School of Information Sciences

Mak to speak at Yale

Bonnie Mak
Bonnie Mak, Associate Professor

Bonnie Mak, associate professor, will visit Yale University to participate in two events this fall.

She is an invited discussant in the symposium of the Yale Program in the History of the Book. Mak will participate in seminars that explore how handwritten notes or visual elements added to books affect the relationship of those books to specific locations and times. The symposium, “Time and the Book,” will be held on September 12-13 at the Yale Beinecke Rare Book & Manuscript Library.

In her symposium talk, “Time Suspended,” Mak will explore how inscriptions, annotations, bookplates, and even coffee stains, often overlooked as accidental or dismissed as extraneous, may contain information of scholarly interest regarding the performance and use of a given book over time. Likewise, the elements that structure and provide access to databases and electronic resources can be studied as evidence of how information is constituted, configured, and disseminated, by whom and for whom.

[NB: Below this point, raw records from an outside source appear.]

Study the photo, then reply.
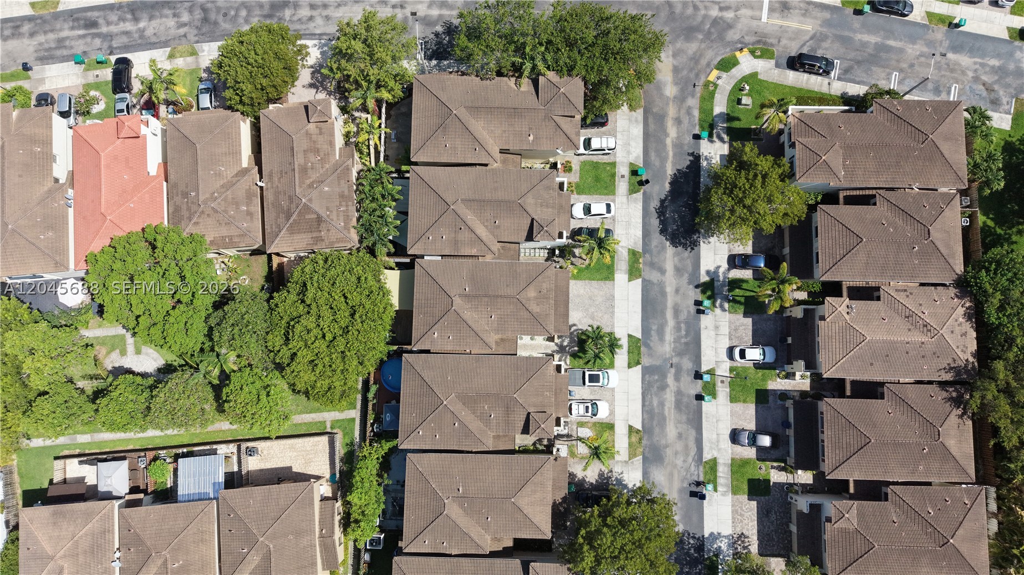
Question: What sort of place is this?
residential area
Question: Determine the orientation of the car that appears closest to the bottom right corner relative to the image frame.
horizontally
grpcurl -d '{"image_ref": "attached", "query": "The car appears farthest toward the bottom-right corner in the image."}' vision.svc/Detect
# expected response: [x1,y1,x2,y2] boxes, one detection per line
[731,428,776,450]
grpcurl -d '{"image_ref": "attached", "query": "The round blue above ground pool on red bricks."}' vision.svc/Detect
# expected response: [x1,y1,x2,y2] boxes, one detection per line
[379,352,405,396]
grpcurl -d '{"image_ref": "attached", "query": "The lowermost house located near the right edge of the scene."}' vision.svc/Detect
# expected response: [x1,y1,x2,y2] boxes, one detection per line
[775,480,992,575]
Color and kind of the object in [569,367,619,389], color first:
white truck
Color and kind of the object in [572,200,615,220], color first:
white car
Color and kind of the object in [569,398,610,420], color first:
white car
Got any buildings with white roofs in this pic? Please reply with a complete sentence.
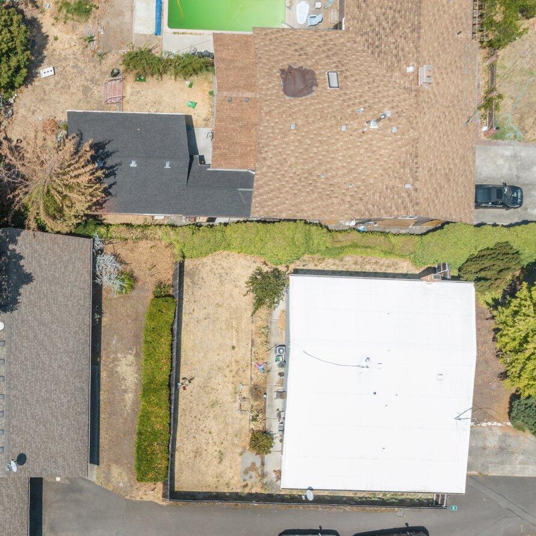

Later this semester, Mak will speak at the workshop, “Diaspora and the Digital,” which considers the challenges and opportunities faced by born-digital literary archives and projects in the digital humanities. The workshop is the closing event of the collaborative research network, Diasporic Literary Archives, led by the University of Reading with international partners in Trinidad and Tobago; the Centro di Ricerca sulla Tradizione Manoscritta di Autori Moderni e Contemporanei at the University of Pavia; the Institut Mémoires de l’Édition Contemporaine in France; the National Library and Archives Service of Namibia; and Yale’s Beinecke Rare Book and Manuscript Library, where the event will be held on October 23-24. Mak will participate in a session on the preservation of and access to born digital archives.

Mak, who joined the GSLIS faculty in 2008, is jointly appointed in the Program in Medieval Studies. Her research interests include manuscript, print, and digital cultures; the cultural production and circulation of knowledge; palaeography and diplomatics; manuscript studies; book history; medieval and early modern collecting; and the history of archives and libraries. At GSLIS, Mak co-chairs the History Salon. She is currently a member of the Advisory Editorial Board of Information & Culture and the Editorial Board of the online and open-access journal, Architectures of the Book. Her first book, How the Page Matters, was published by the University of Toronto Press in 2011, and she is at work on her next book-length project, Culture in an Age of Data, a cultural history of digitizations.